▸ What to produce:
Repeat verbatim, and only, the lines of the data below, beginning at the line that contains "Field of view (horizontal): 67.6°." and stopping after the line that contains "Return minified JSON, an".

---------- Material for the task ----------

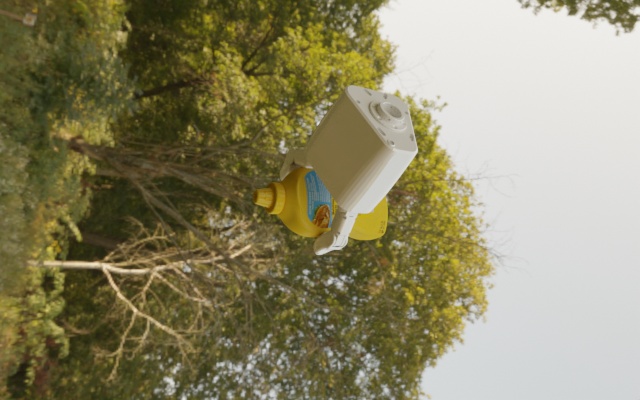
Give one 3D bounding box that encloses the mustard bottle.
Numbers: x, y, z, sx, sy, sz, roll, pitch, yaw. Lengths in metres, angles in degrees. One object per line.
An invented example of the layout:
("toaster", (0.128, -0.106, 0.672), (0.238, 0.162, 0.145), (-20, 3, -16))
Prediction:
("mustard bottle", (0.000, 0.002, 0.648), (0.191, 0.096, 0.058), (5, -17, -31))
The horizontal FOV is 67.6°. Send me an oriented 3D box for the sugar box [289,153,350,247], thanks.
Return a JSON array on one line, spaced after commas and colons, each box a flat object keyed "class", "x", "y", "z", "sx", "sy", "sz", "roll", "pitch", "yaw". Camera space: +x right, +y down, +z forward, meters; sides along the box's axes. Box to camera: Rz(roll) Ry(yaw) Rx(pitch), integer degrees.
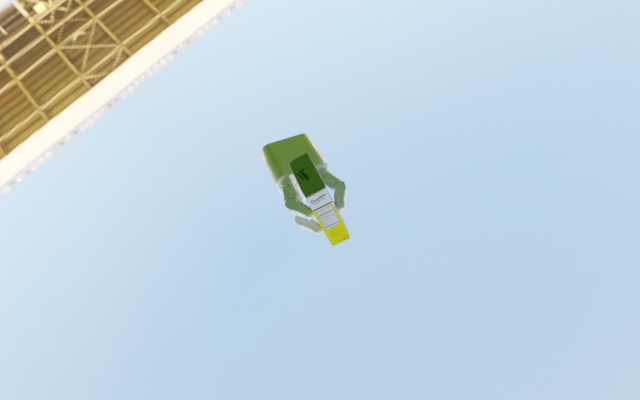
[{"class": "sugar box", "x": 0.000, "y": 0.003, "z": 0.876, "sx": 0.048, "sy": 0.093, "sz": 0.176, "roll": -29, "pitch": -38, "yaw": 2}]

----------
---------- Material for the task ----------

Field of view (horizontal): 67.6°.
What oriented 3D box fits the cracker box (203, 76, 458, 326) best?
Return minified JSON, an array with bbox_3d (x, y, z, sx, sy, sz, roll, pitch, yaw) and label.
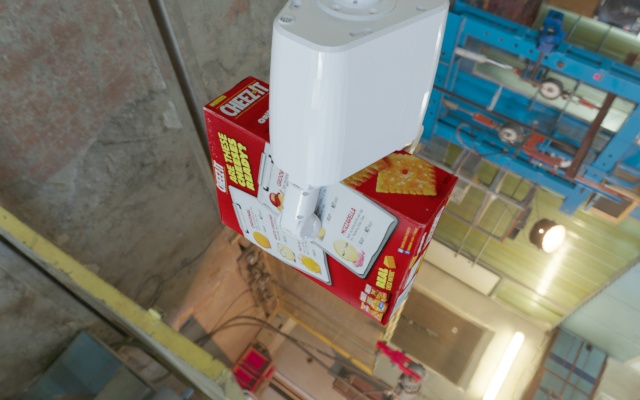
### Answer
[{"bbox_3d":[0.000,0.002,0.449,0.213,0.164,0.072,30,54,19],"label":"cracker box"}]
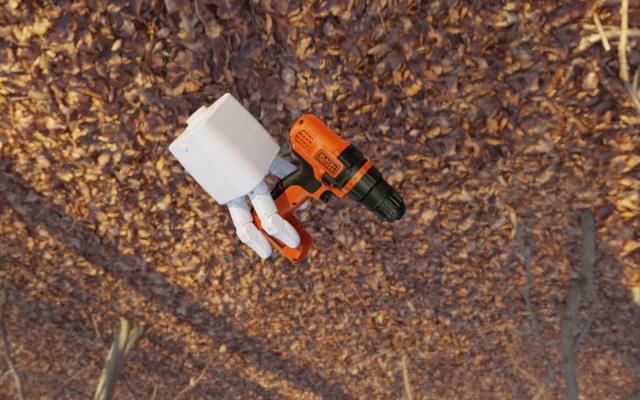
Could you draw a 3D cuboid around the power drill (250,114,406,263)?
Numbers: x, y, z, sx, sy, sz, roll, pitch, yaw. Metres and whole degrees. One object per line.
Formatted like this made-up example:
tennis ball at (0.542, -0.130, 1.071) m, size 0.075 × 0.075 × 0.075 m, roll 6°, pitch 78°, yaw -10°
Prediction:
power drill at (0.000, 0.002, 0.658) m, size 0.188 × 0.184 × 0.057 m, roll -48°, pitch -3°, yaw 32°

----------

▸ Your solution:
Field of view (horizontal): 67.6°.
What oriented 3D box fits the cracker box (203, 76, 458, 326) best?
Return minified JSON, an array with bbox_3d (x, y, z, sx, sy, sz, roll, pitch, yaw) and label.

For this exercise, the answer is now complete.